=== Problem requirements ===
Reproduce every record below word for word and include no pictures.

=== Given information ===
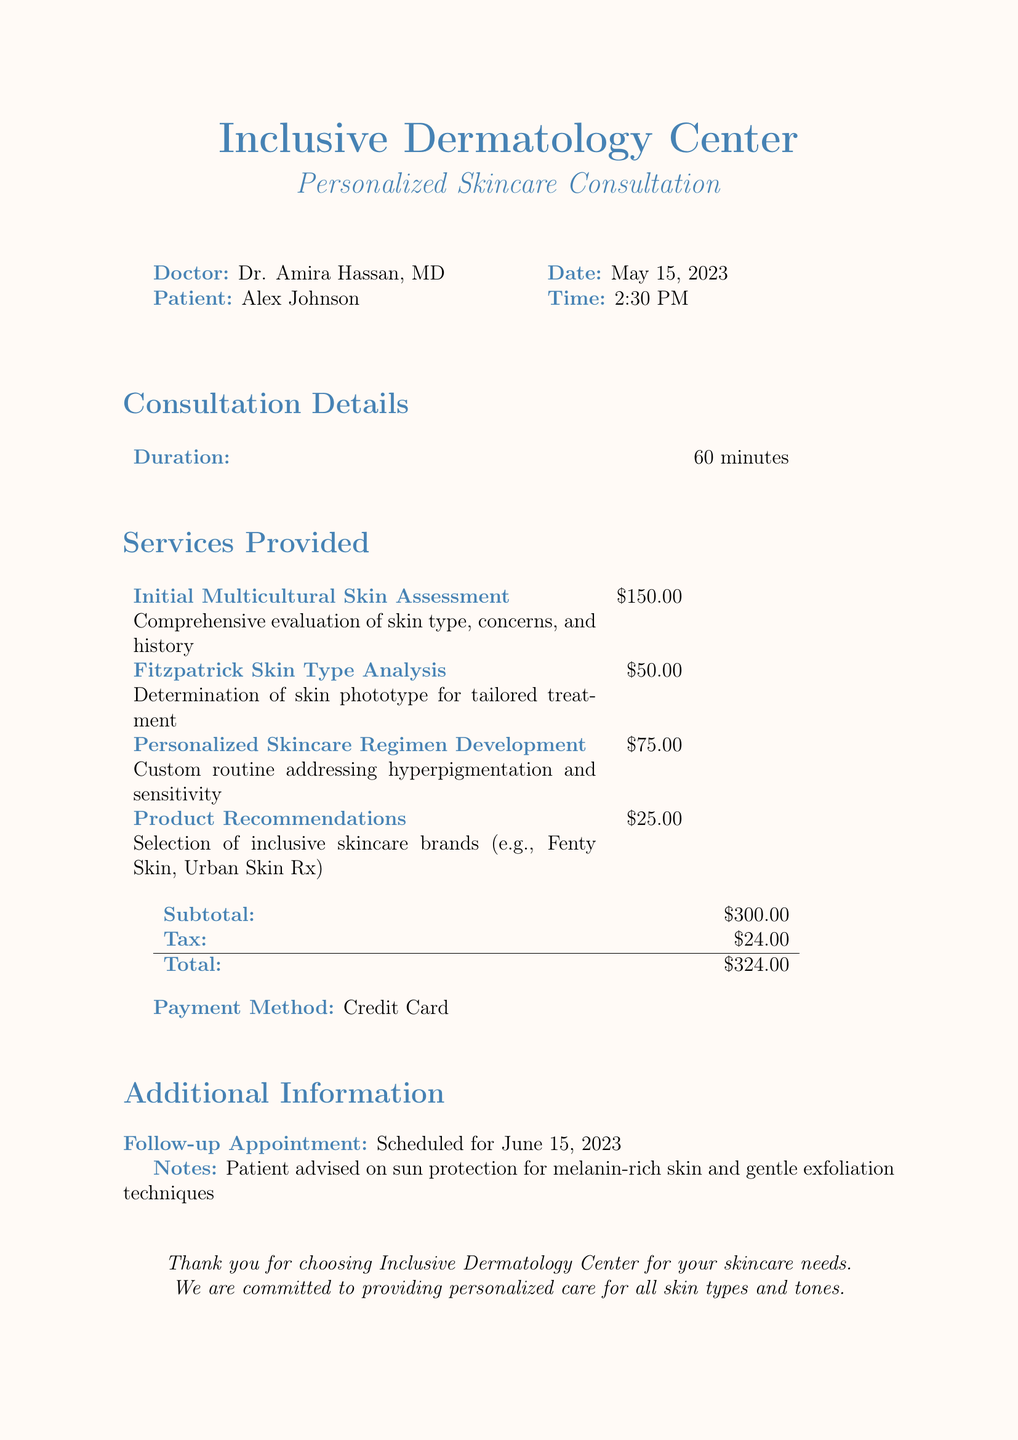What is the patient's name? The patient's name is listed in the document under the "Patient" section.
Answer: Alex Johnson What is the date of the consultation? The date of the consultation is provided at the beginning of the document.
Answer: May 15, 2023 How long was the consultation? The duration of the consultation is indicated in the "Consultation Details" section.
Answer: 60 minutes What is the price of the Initial Multicultural Skin Assessment? The cost for this service is listed in the "Services Provided" section of the document.
Answer: $150.00 How much is the total bill? The total amount is calculated by adding the subtotal and tax in the document.
Answer: $324.00 Who is the doctor conducting the consultation? The doctor's name is specified in the document under the "Doctor" section.
Answer: Dr. Amira Hassan, MD What product brands were recommended? The document lists examples of brands in the "Product Recommendations" service.
Answer: Fenty Skin, Urban Skin Rx What follow-up appointment date is scheduled? The follow-up appointment date is provided in the "Additional Information" section.
Answer: June 15, 2023 What payment method was used? The payment method is stated at the end of the bill.
Answer: Credit Card 
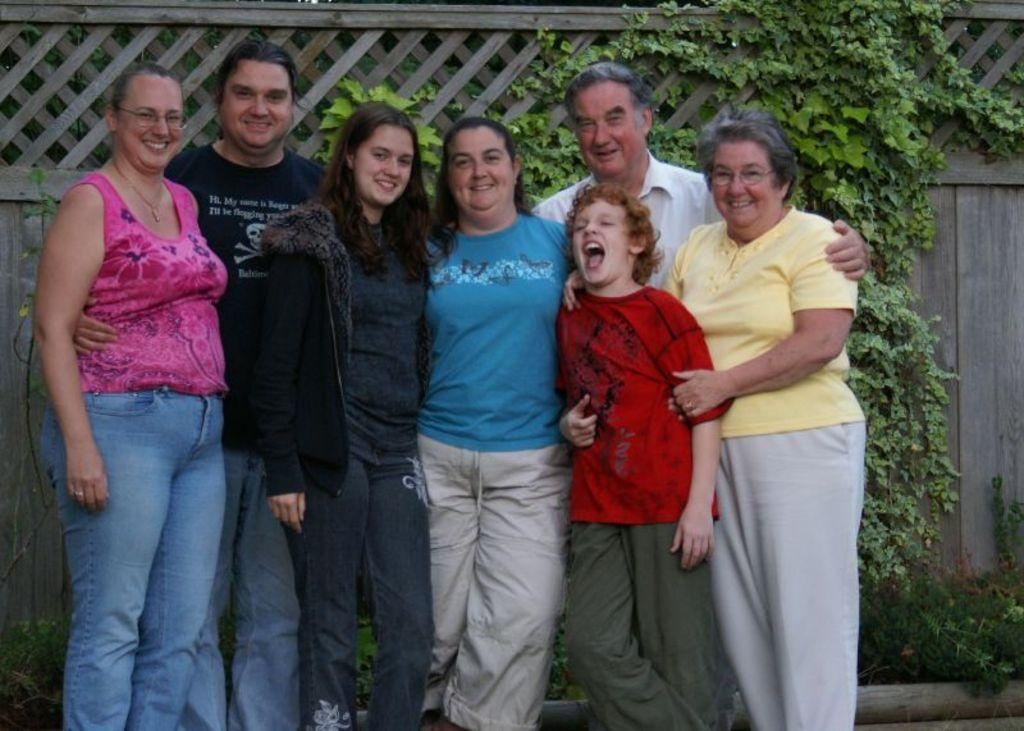How many people are in the image? There is a group of people in the image. What are the people in the image doing? The people are standing and smiling. Can you describe any specific features of the people in the image? There are people wearing glasses in the image. What can be seen in the background of the image? There is wooden fencing and plants in the background of the image. What type of sack is being used by the carpenter in the image? There is no carpenter or sack present in the image. How many seeds can be seen in the image? There are no seeds visible in the image. 
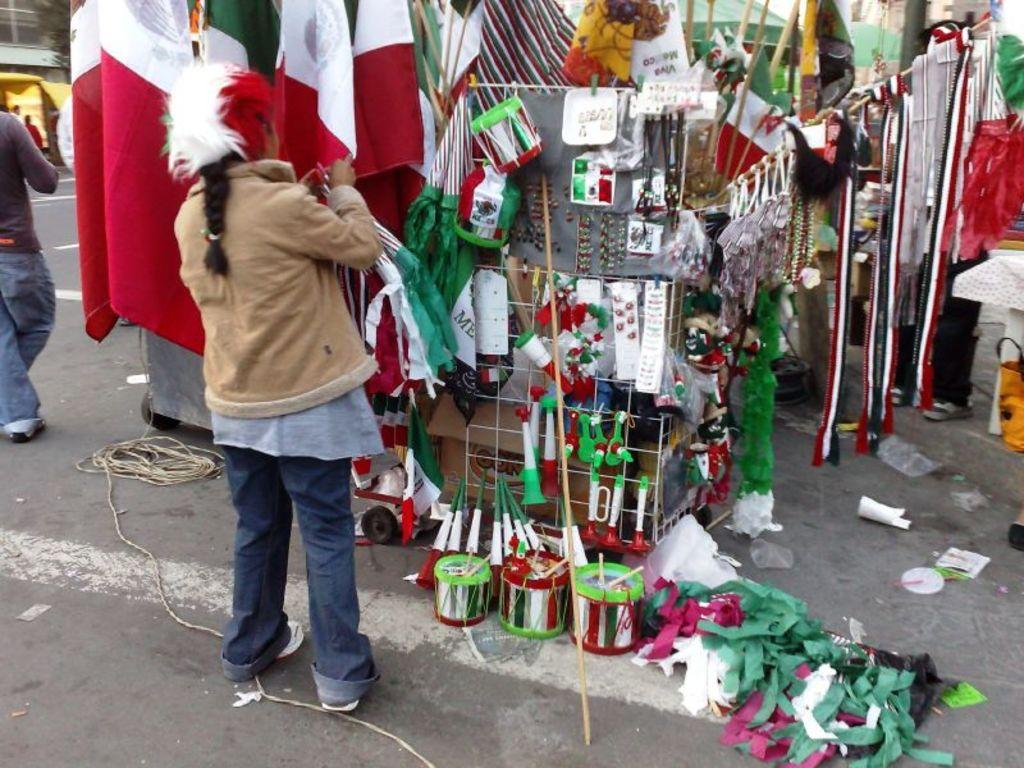What are the people in the image doing? The people in the image are standing on the road. What objects are on the ground near the people? There are drums and flags on the ground. What type of rice is being cooked in the background of the image? There is no rice present in the image; it features people standing on the road with drums and flags on the ground. 
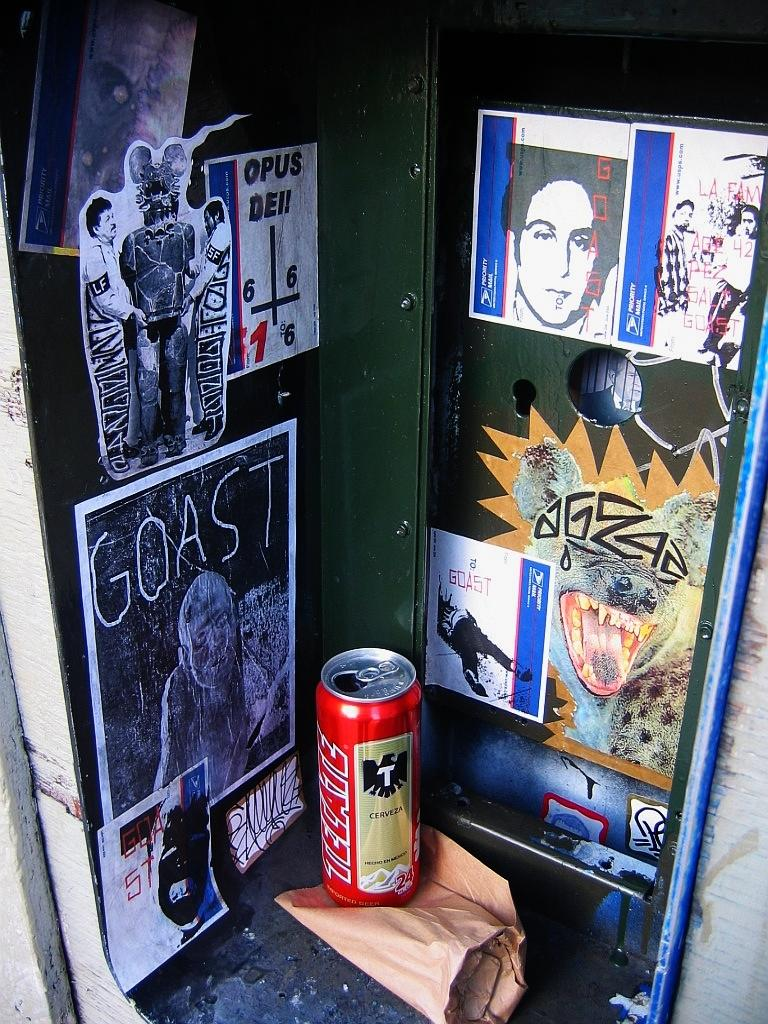<image>
Create a compact narrative representing the image presented. Goast art that includes a soda can with a brown bag under it 
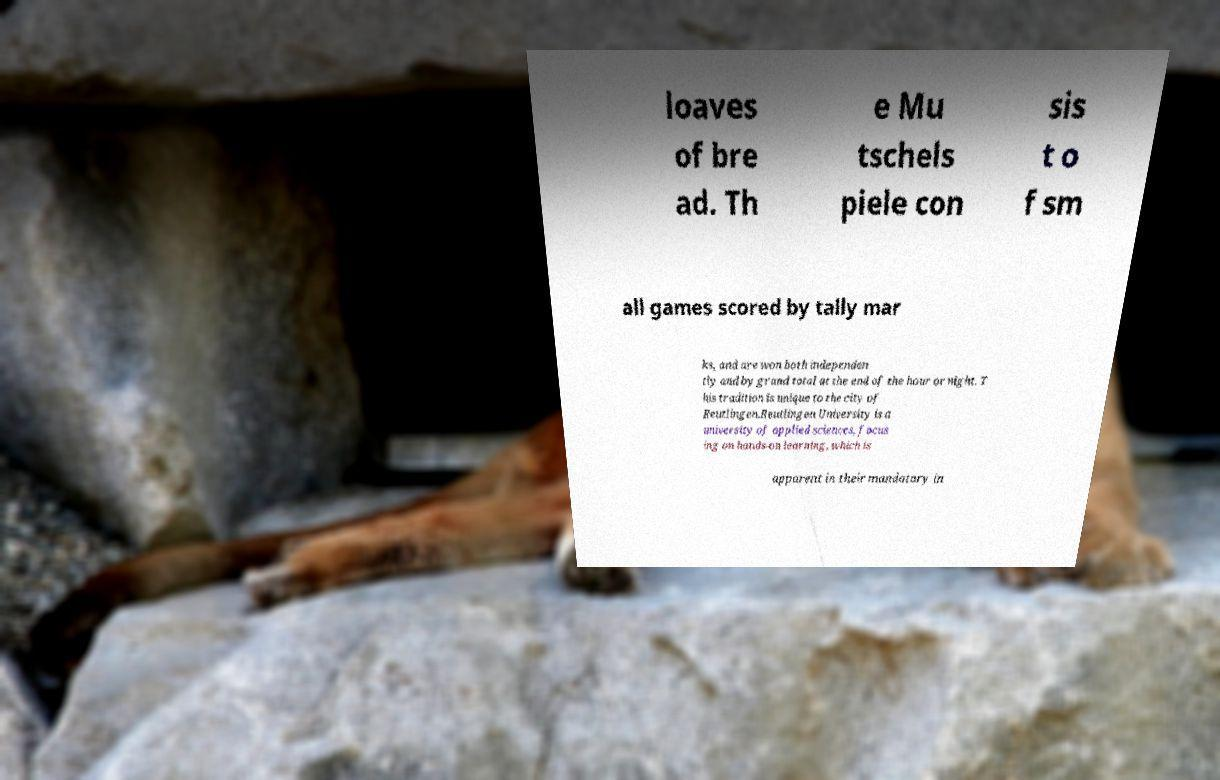Could you extract and type out the text from this image? loaves of bre ad. Th e Mu tschels piele con sis t o f sm all games scored by tally mar ks, and are won both independen tly and by grand total at the end of the hour or night. T his tradition is unique to the city of Reutlingen.Reutlingen University is a university of applied sciences, focus ing on hands-on learning, which is apparent in their mandatory in 
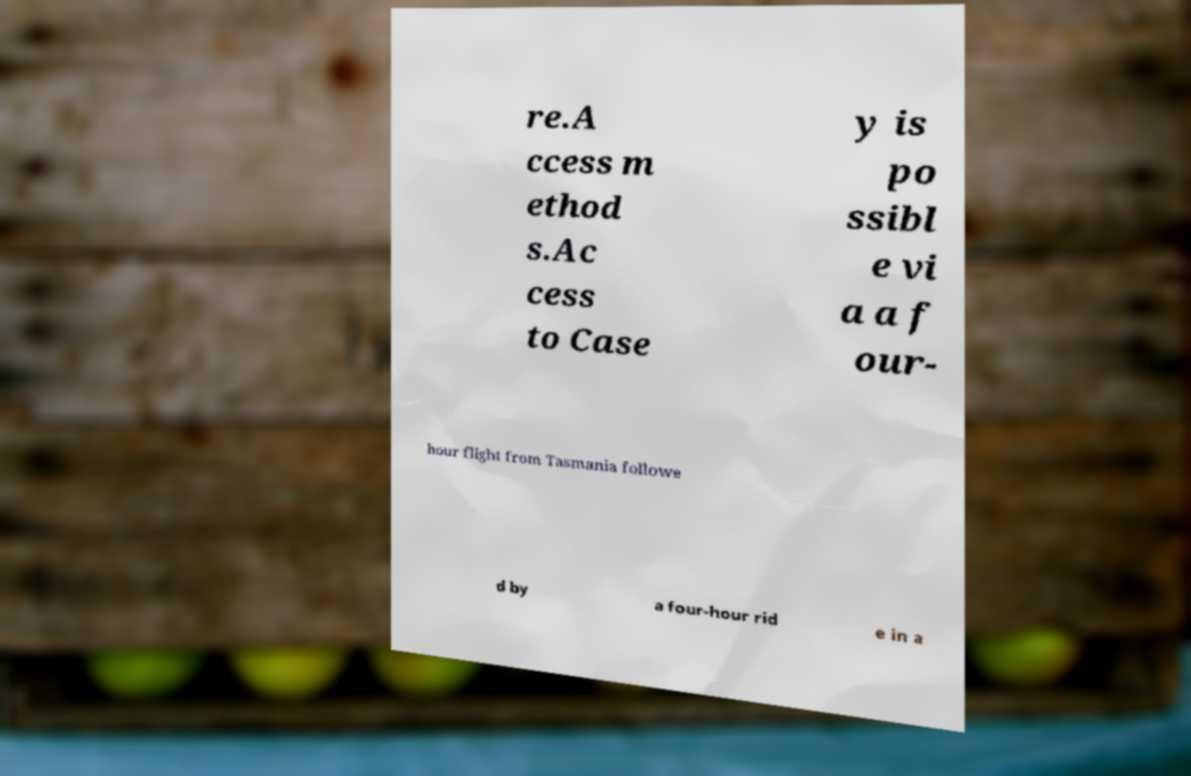What messages or text are displayed in this image? I need them in a readable, typed format. re.A ccess m ethod s.Ac cess to Case y is po ssibl e vi a a f our- hour flight from Tasmania followe d by a four-hour rid e in a

=== Reply ===
What is the patient's name? The patient's name is listed in the document under the "Patient" section.
Answer: Alex Johnson What is the date of the consultation? The date of the consultation is provided at the beginning of the document.
Answer: May 15, 2023 How long was the consultation? The duration of the consultation is indicated in the "Consultation Details" section.
Answer: 60 minutes What is the price of the Initial Multicultural Skin Assessment? The cost for this service is listed in the "Services Provided" section of the document.
Answer: $150.00 How much is the total bill? The total amount is calculated by adding the subtotal and tax in the document.
Answer: $324.00 Who is the doctor conducting the consultation? The doctor's name is specified in the document under the "Doctor" section.
Answer: Dr. Amira Hassan, MD What product brands were recommended? The document lists examples of brands in the "Product Recommendations" service.
Answer: Fenty Skin, Urban Skin Rx What follow-up appointment date is scheduled? The follow-up appointment date is provided in the "Additional Information" section.
Answer: June 15, 2023 What payment method was used? The payment method is stated at the end of the bill.
Answer: Credit Card 
How many people are in the image? There is a group of people in the image. What are the people in the image doing? The people are standing and smiling. Can you describe any specific features of the people in the image? There are people wearing glasses in the image. What can be seen in the background of the image? There is wooden fencing and plants in the background of the image. What type of sack is being used by the carpenter in the image? There is no carpenter or sack present in the image. How many seeds can be seen in the image? There are no seeds visible in the image. 
What are the people in the image doing? The people in the image are standing on the road. What objects are on the ground near the people? There are drums and flags on the ground. What type of rice is being cooked in the background of the image? There is no rice present in the image; it features people standing on the road with drums and flags on the ground. 
<image>
Create a compact narrative representing the image presented. Goast art that includes a soda can with a brown bag under it 
Could you extract and type out the text from this image? loaves of bre ad. Th e Mu tschels piele con sis t o f sm all games scored by tally mar ks, and are won both independen tly and by grand total at the end of the hour or night. T his tradition is unique to the city of Reutlingen.Reutlingen University is a university of applied sciences, focus ing on hands-on learning, which is apparent in their mandatory in 
What messages or text are displayed in this image? I need them in a readable, typed format. re.A ccess m ethod s.Ac cess to Case y is po ssibl e vi a a f our- hour flight from Tasmania followe d by a four-hour rid e in a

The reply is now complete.